• **STORED DATA**
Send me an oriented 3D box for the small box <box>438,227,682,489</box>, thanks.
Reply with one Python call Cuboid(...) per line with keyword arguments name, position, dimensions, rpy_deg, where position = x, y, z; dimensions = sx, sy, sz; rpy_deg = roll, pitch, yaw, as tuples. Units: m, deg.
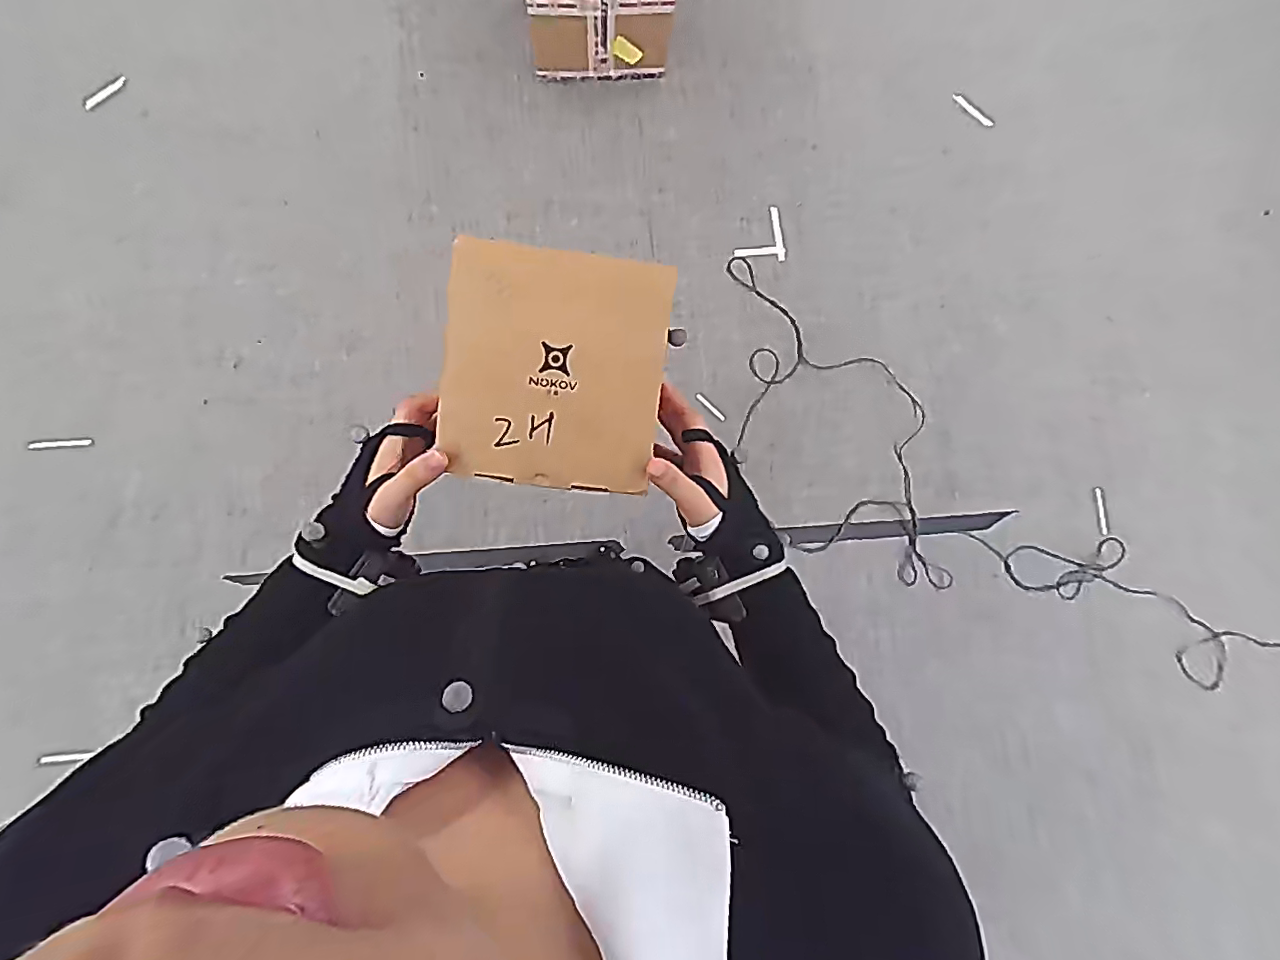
Cuboid(name="small box", position=(-0.064, -0.096, 0.483), dimensions=(0.168, 0.176, 0.179), rpy_deg=(7, 96, -3))

• **GOAL OF THE EXERCISE**
When you write out the material again, keep every word exact and omit the pictures.

• **PROBLEM SOLUTION**
Send me an oriented 3D box for the small box <box>438,227,682,489</box>, thanks.
Reply with one Python call Cuboid(...) per line with keyword arguments name, position, dimensions, rpy_deg, where position = x, y, z; dimensions = sx, sy, sz; rpy_deg = roll, pitch, yaw, as tuples. Units: m, deg.
Cuboid(name="small box", position=(-0.064, -0.096, 0.483), dimensions=(0.168, 0.176, 0.179), rpy_deg=(7, 96, -3))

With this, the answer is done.